Nukes may be cheaper than on Earth if deployed and operated 10's to
100's of millions of miles away from where anyone has to live or spend much time working, but transportation and set-up costs for anything requiring fission (as opposed to a little thing working from heat of mere radioactive decay, maybe with halflife in decades) sounds to me to be monumental.
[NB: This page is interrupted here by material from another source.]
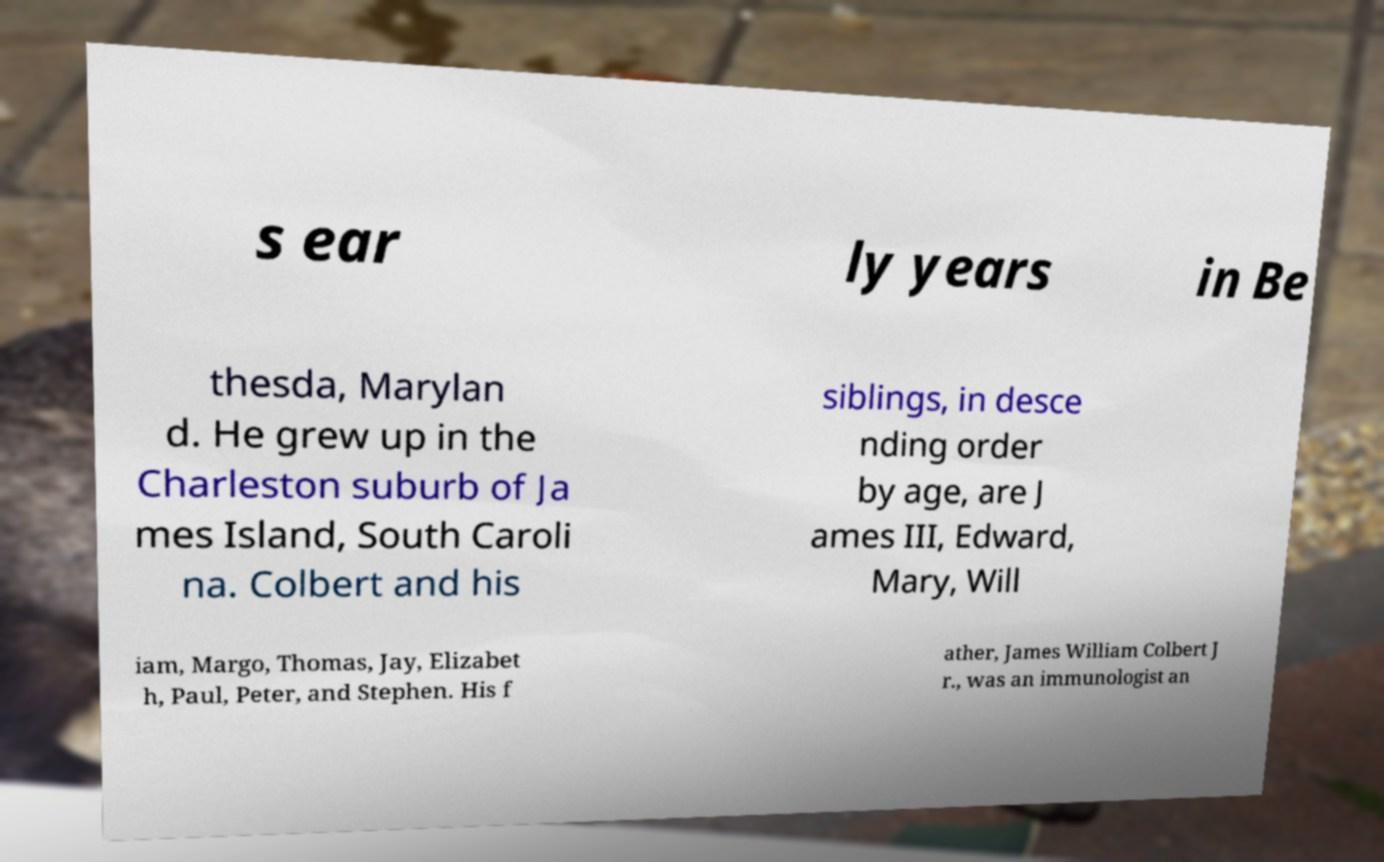Can you read and provide the text displayed in the image?This photo seems to have some interesting text. Can you extract and type it out for me? s ear ly years in Be thesda, Marylan d. He grew up in the Charleston suburb of Ja mes Island, South Caroli na. Colbert and his siblings, in desce nding order by age, are J ames III, Edward, Mary, Will iam, Margo, Thomas, Jay, Elizabet h, Paul, Peter, and Stephen. His f ather, James William Colbert J r., was an immunologist an

I would think that a profitable asteroid mine would have to be on "small space colony" scale, even if staffed by robots and not humans. That sounds to me like gigabucks, and I wonder if that can bring back iridium by the ton. I do realize that getting a ton of something from an asteroid to Earth costs a lot less than the other way around, but velocity change of a few thousand meters per second is still necessary to get an object to drop towards the Sun to Earth's orbit from the Asteroid Belt. So fuel and oxidizer has to be transported from Earth to whatever asteroid is in question - or else use ion rockets powered by nukes, probably assembled in Earth orbit - at cost probably an order of magnitude or 2 more than that of a Space Shuttle. Maybe the Chinese can get cost of transportation to Earth orbit to an order of magnitude or 2 less than USA has now, but I still wonder if a ton of iridium can be brought to Earth from an asteroid for less than the cost of getting it from Earth. And how many tons of iridium have been extracted in our history so far anyway? And what is it used for - mostly to alloy with platinum to harden it for jewelry and some mass standards (such as the IPK and some copies thereof) and a few standards of linear measurement such as the IPM (no longer the definition of the meter)?
Notice how the Chinese space program advanced in the past decade? China got a big boost from the US (thanks to Clinton) which gave them analysis on their failures. When this news hit the streets, it was quickly silenced by the Monica thing. Easy to dupe the 'merican pulic.